== EXCERPTED RECORDS ==

☆ ☆ ☆

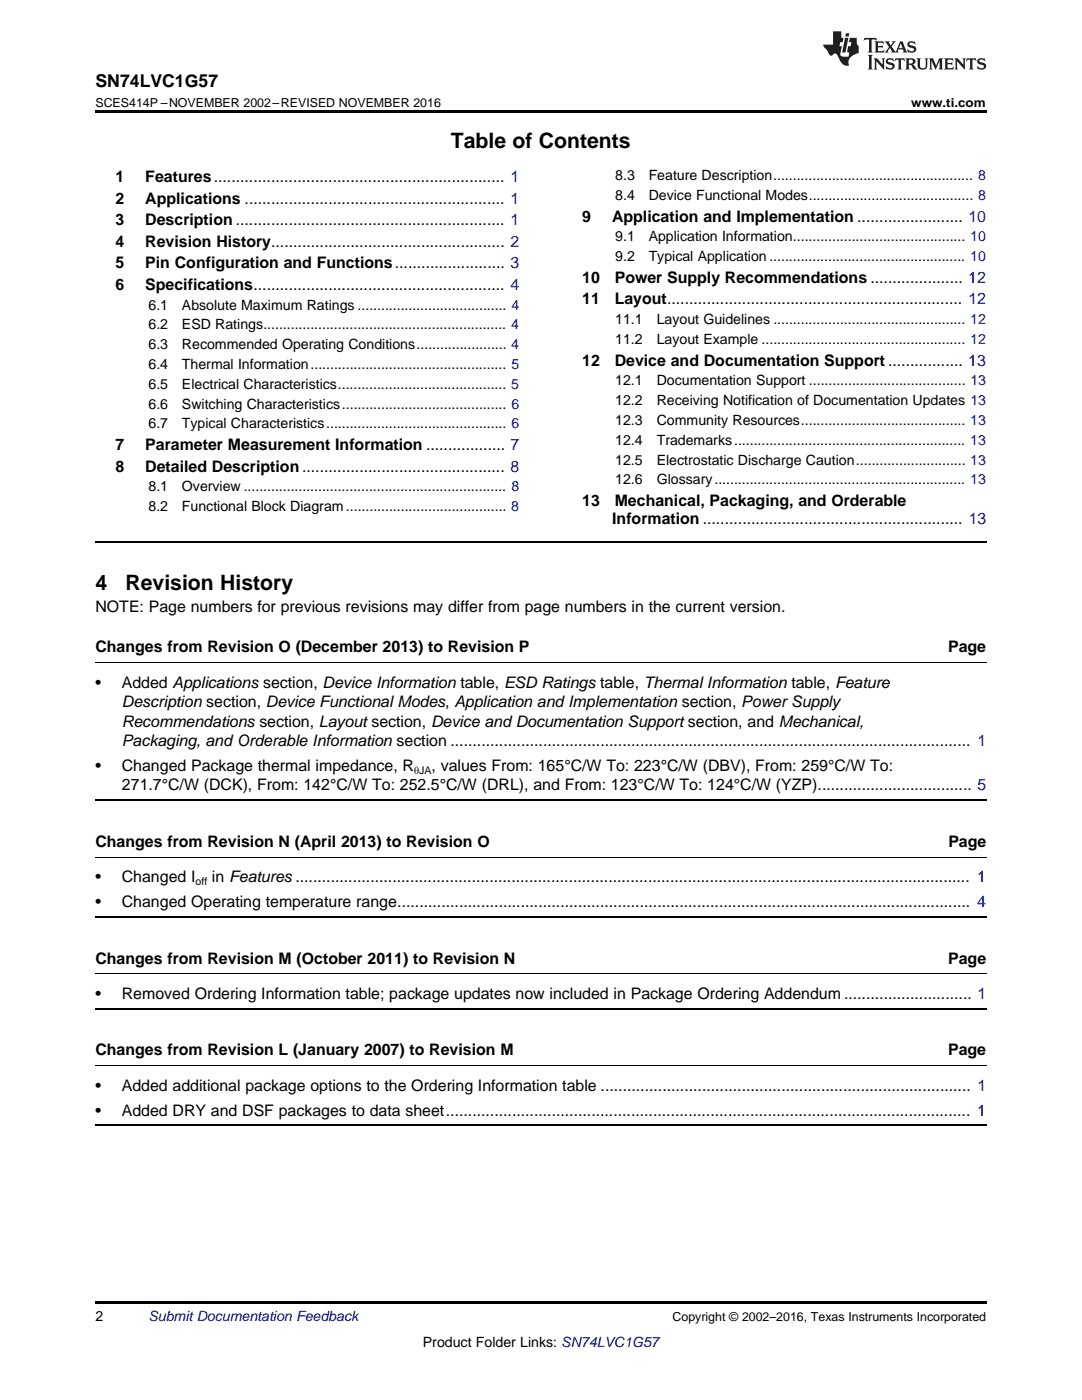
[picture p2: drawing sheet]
<svg xmlns="http://www.w3.org/2000/svg" width="216mm" height="279mm" viewBox="0 0 216 279" stroke-linecap="round" stroke-linejoin="round" font-family="sans-serif">
<defs><g id="words">
<g font-size="4.2">
<text x="90" y="29.6">Table of Contents</text>
<text x="19" y="117.8">4</text>
<text x="25" y="117.8">Revision History</text>
</g>
<text font-size="3.5" x="19" y="17.3">SN74LVC1G57</text>
<g font-size="3.2">
<text x="23" y="36.3">1</text>
<text x="23" y="40.6">2</text>
<text x="29" y="36.3">Features.................................................................. 1</text>
<text x="29" y="40.6">Applications ........................................................... 1</text>
<text x="23" y="44.9">3</text>
<text x="29" y="44.9">Description ............................................................. 1</text>
<text x="116.2" y="44.2">9</text>
<text x="122.1" y="44.2">Application and Implementation ........................ 10</text>
<text x="23" y="49.2">4</text>
<text x="23" y="53.6">5</text>
<text x="29" y="49.2">Revision History..................................................... 2</text>
<text x="29" y="53.6">Pin Configuration and Functions......................... 3</text>
<text x="23" y="57.9">6</text>
<text x="29" y="57.9">Specifications......................................................... 4</text>
<text x="116.2" y="56.4">10</text>
<text x="122.7" y="56.4">Power Supply Recommendations ..................... 12</text>
<text x="116.2" y="60.7">11</text>
<text x="122.7" y="60.7">Layout................................................................... 12</text>
<text x="116.2" y="73">12</text>
<text x="122.7" y="73">Device and Documentation Support ................. 13</text>
<text x="23" y="89.8">7</text>
<text x="29" y="89.8">Parameter Measurement Information .................. 7</text>
<text x="23" y="94.1">8</text>
<text x="29" y="94.1">Detailed Description.............................................. 8</text>
<text x="116.2" y="101">13</text>
<text x="122.7" y="101">Mechanical, Packaging, and Orderable</text>
<text x="122.2" y="104.5">Information ........................................................... 13</text>
<text x="19" y="122.1">NOTE: Page numbers for previous revisions may differ from page numbers in the current version.</text>
<text x="19" y="130.2">Changes from Revision O (December 2013) to Revision P</text>
<text x="189.2" y="130.2">Page</text>
<text x="19" y="137.3">•</text>
<text x="24.3" y="137.3">Added Applications section, Device Information table, ESD Ratings table, Thermal Information table, Feature</text>
<text x="24.3" y="141.1">Description section, Device Functional Modes, Application and Implementation section, Power Supply</text>
<text x="24.3" y="145">Recommendations section, Layout section, Device and Documentation Support section, and Mechanical,</text>
<text x="24.3" y="148.9">Packaging, and Orderable Information section ...................................................................................................................... 1</text>
<text x="19" y="153.8">•</text>
<text x="24.3" y="153.8">Changed Package thermal impedance, R</text>
<text x="86.1" y="153.8">, values From: 165°C/W To: 223°C/W (DBV), From: 259°C/W To:</text>
<text x="24.3" y="157.7">271.7°C/W (DCK), From: 142°C/W To: 252.5°C/W (DRL), and From: 123°C/W To: 124°C/W (YZP)................................... 5</text>
<text x="19" y="169">Changes from Revision N (April 2013) to Revision O</text>
<text x="189.2" y="169">Page</text>
<text x="19" y="176.1">•</text>
<text x="24.3" y="176.1">Changed I</text>
<text x="42.3" y="176.1">in Features ......................................................................................................................................................... 1</text>
<text x="19" y="181">•</text>
<text x="24.3" y="181">Changed Operating temperature range.................................................................................................................................. 4</text>
<text x="19" y="192.3">Changes from Revision M (October 2011) to Revision N</text>
<text x="189.2" y="192.3">Page</text>
<text x="19" y="199.4">•</text>
<text x="24.3" y="199.4">Removed Ordering Information table; package updates now included in Package Ordering Addendum ............................. 1</text>
<text x="19" y="210.6">Changes from Revision L (January 2007) to Revision M</text>
<text x="189.2" y="210.6">Page</text>
<text x="19" y="217.7">•</text>
<text x="24.3" y="217.7">Added additional package options to the Ordering Information table .................................................................................... 1</text>
<text x="19" y="222.6">•</text>
<text x="24.3" y="222.6">Added DRY and DSF packages to data sheet....................................................................................................................... 1</text>
</g>
<g font-size="2.8">
<text x="122.8" y="36">8.3</text>
<text x="129.4" y="36">Feature Description................................................... 8</text>
<text x="122.8" y="39.9">8.4</text>
<text x="129.4" y="39.9">Device Functional Modes.......................................... 8</text>
<text x="122.8" y="48.2">9.1</text>
<text x="122.8" y="52.1">9.2</text>
<text x="129.4" y="48.2">Application Information............................................ 10</text>
<text x="129.4" y="52.1">Typical Application .................................................. 10</text>
<text x="29.6" y="61.8">6.1</text>
<text x="29.6" y="65.8">6.2</text>
<text x="36.3" y="61.8">Absolute Maximum Ratings ...................................... 4</text>
<text x="36.3" y="65.8">ESD Ratings.............................................................. 4</text>
<text x="122.8" y="64.7">11.1</text>
<text x="131" y="64.7">Layout Guidelines ................................................. 12</text>
<text x="29.6" y="69.7">6.3</text>
<text x="36.3" y="69.7">Recommended Operating Conditions....................... 4</text>
<text x="122.8" y="68.7">11.2</text>
<text x="131" y="68.7">Layout Example .................................................... 12</text>
<text x="29.6" y="73.7">6.4</text>
<text x="29.6" y="77.6">6.5</text>
<text x="36.3" y="73.7">Thermal Information.................................................. 5</text>
<text x="36.3" y="77.6">Electrical Characteristics........................................... 5</text>
<text x="122.8" y="76.9">12.1</text>
<text x="131" y="76.9">Documentation Support ........................................ 13</text>
<text x="29.6" y="81.6">6.6</text>
<text x="36.3" y="81.6">Switching Characteristics.......................................... 6</text>
<text x="122.8" y="80.9">12.2</text>
<text x="131" y="80.9">Receiving Notification of Documentation Updates 13</text>
<text x="29.6" y="85.5">6.7</text>
<text x="36.3" y="85.5">Typical Characteristics.............................................. 6</text>
<text x="122.8" y="84.8">12.3</text>
<text x="122.8" y="88.8">12.4</text>
<text x="131" y="84.8">Community Resources.......................................... 13</text>
<text x="131" y="88.8">Trademarks........................................................... 13</text>
<text x="122.8" y="92.7">12.5</text>
<text x="131" y="92.7">Electrostatic Discharge Caution............................ 13</text>
<text x="29.6" y="98.1">8.1</text>
<text x="36.3" y="98.1">Overview ................................................................... 8</text>
<text x="122.8" y="96.7">12.6</text>
<text x="131" y="96.7">Glossary................................................................ 13</text>
<text x="29.6" y="102">8.2</text>
<text x="36.3" y="102">Functional Block Diagram......................................... 8</text>
<text x="19" y="263.6">2</text>
<text x="84.4" y="268.9">Product Folder Links: SN74LVC1G57</text>
</g>
<text font-size="2.8" fill="#0000c8" x="29.6" y="263.6">Submit Documentation Feedback</text>
<g font-size="2.5">
<text x="19" y="21.4">SCES414P –NOVEMBER 2002–REVISED NOVEMBER 2016</text>
<text x="181.8" y="21.4">www.ti.com</text>
<text x="134.2" y="263.6">Copyright © 2002–2016, Texas Instruments Incorporated</text>
</g>
<g font-size="2.1">
<text x="82.6" y="154.5">θJA</text>
<text x="39" y="176.7">off</text>
</g>
</g></defs>
<path d="M19 22h177.8v.5h-177.8zM19 259.7h177.8v.5h-177.8z" fill="#000"/>
<path d="M19 108.2h177.8M19 159.7h177.8M19 183h177.8M19 201.3h177.8M19 224.6h177.8" fill="none" stroke="#000" stroke-width=".35"/>
<path d="M19 132.3h177.8M19 171.1h177.8M19 194.4h177.8M19 212.7h177.8" fill="none" stroke="#000" stroke-width=".2"/>
<g fill="#231f20">
<path d="M172.5 7.6l-.1 .5 .4-.2h.6v.1v2.1l-.2 .4h.9l-.2-.4v-2.1l.1-.1h.5l.5 .2-.2-.5zM174.5 8.3l.2 .3v1.5l-.2 .4h1.8l.2-.6a1.04 1.04 0 0 1-1.3 .2v-.7h.6l.3 .2v-.6l-.3 .2h-.6v-.6l.8-.1 .4 .3-.2-.5zM176.5 8.3l.9 1.1-.9 1.1h.8l-.2-.2 .4-.7 .5 .7-.2 .2h1.5l-.2-.2 .2-.4h.9l.1 .4-.2 .2h1l-.3-.3-.7-1.9h-.5l-.9 2-.8-1 .9-1h-.8l.1 .3-.4 .5-.3-.6 .1-.2zM179.7 8.6l.4 1h-.7zM181.3 8.4a.63 .63 0 0 0-.2 .7 .63 .63 0 0 0 .6 .4l.6 .2 .1 .2a.75 .75 0 0 1-.7 .4 .75 .75 0 0 1-.6-.5l.1 .7 .1-.1a1.11 1.11 0 0 0 1.5-.6 1.13 1.13 0 0 0-1.2-.8l-.1-.4a1.04 1.04 0 0 1 1.2 .2l-.2-.5-.2 .1-.4-.2zM173.2 10.9l.2 .4v2.2l-.2 .4h1l-.3-.4v-2.2l.3-.4zM174.3 11.6l.3 .4v1.5l-.3 .4h.8l-.2-.4v-1.3l1.5 1.7v-1.9l.2-.4h-.7l.2 .4v.9l-1.1-1.3zM177 11.8a.62 .62 0 0 0-.2 .7 .62 .62 0 0 0 .6 .4l.6 .1 .1 .3a.76 .76 0 0 1-.7 .3 .76 .76 0 0 1-.7-.4l.2 .7 .1-.1a1.11 1.11 0 0 0 1.5-.6 1.13 1.13 0 0 0-1.2-.8l-.1-.4a1.04 1.04 0 0 1 1.2 .2l-.2-.6-.2 .1-.5-.1zM178.7 11.6l-.2 .6a.61 .61 0 0 1 .8-.3v1.6l-.2 .4h.9l-.2-.4v-1.6a.63 .63 0 0 1 .7 .3l-.1-.6zM180.6 11.6l.3 .4v1.5l-.3 .4h1l-.2-.2-.1-.8 .6 .2a.76 .76 0 0 0 1.2 .7l-1-1a.58 .58 0 0 0 .6-.5 .58 .58 0 0 0-.5-.6zM181.4 11.9h.1a.45 .45 0 0 1 .5 .1 .45 .45 0 0 1 .1 .5l-.8 .2zM182.9 11.6l.2 .2a2.17 2.17 0 0 0 .3 1.9 .99 .99 0 0 0 1.6-.6v-1.1l.2-.4h-.7l.2 .2a1.92 1.92 0 0 1-.2 1.8 .6 .6 0 0 1-.9-.5v-1.1l.2-.4zM185.4 11.6l.2 .4v1.5l-.2 .4h.7l-.2-.4v-1.4l.8 1.8 .8-1.8v1.4l-.2 .4h.9l-.2-.4v-1.5l.2-.4h-.8l-.6 1.5-.6-1.5zM188.4 11.6l.2 .4v1.5l-.2 .4h1.8l.1-.6a1.04 1.04 0 0 1-1.2 .1v-.6h.5l.4 .2v-.6l-.4 .2h-.5v-.7h.8l.3 .3-.1-.6zM190.5 11.6l.2 .4v1.5l-.2 .4h.7l-.2-.4v-1.3l1.5 1.7v-1.9l.2-.4h-.7l.2 .4v.9l-1.1-1.3zM192.9 11.6l-.1 .6a.61 .61 0 0 1 .7-.3l.1 1.6-.3 .4h1l-.3-.4 .1-1.6a.63 .63 0 0 1 .7 .3l-.1-.6zM195.2 11.8a.62 .62 0 0 0-.2 .7 .62 .62 0 0 0 .6 .4l.6 .1 .1 .3a.76 .76 0 0 1-.7 .3 .76 .76 0 0 1-.6-.4l.1 .7 .1-.1a1.11 1.11 0 0 0 1.6-.6 1.13 1.13 0 0 0-1.3-.8l-.1-.4a1.04 1.04 0 0 1 1.2 .2l-.1-.6-.2 .1-.5-.1z"/>
<path d="M166.2 6.3v2.6h-1.9v.4l.8 .9a.91 .91 0 0 0 1 .8 .56 .56 0 0 1 .5-.3 .56 .56 0 0 1 .5 .3l.4 .8a1.53 1.53 0 0 0 1.9 1.2 1.54 1.54 0 0 1 1-2.1l.9-.3v-1.4a1.52 1.52 0 0 1-.4-1.6h-1.3l-.2 .8h.5l-.2 .8h-.5l-.1 1v.2l.4 .1-.2 .8a1.93 1.93 0 0 1-1.6-.3l.3-1.8h-.5l.2-.8h.4l.2-.8h-.4v-1.3zM168.6 7.6l-.6 2.9h.7l.6-2.9zM168.8 6.6l-.1 .7h.6l.2-.7z"/>
</g>
<use href="#words"/>
</svg>

☆ ☆ ☆

== TASK ==
Go through the listing above, and whenever a line holds the word "Typical", copy it.

== SOLUTION FOR THIS TASK ==
<text x="129.4" y="52.1">Typical Application .................................................. 10</text>
<text x="36.3" y="85.5">Typical Characteristics.............................................. 6</text>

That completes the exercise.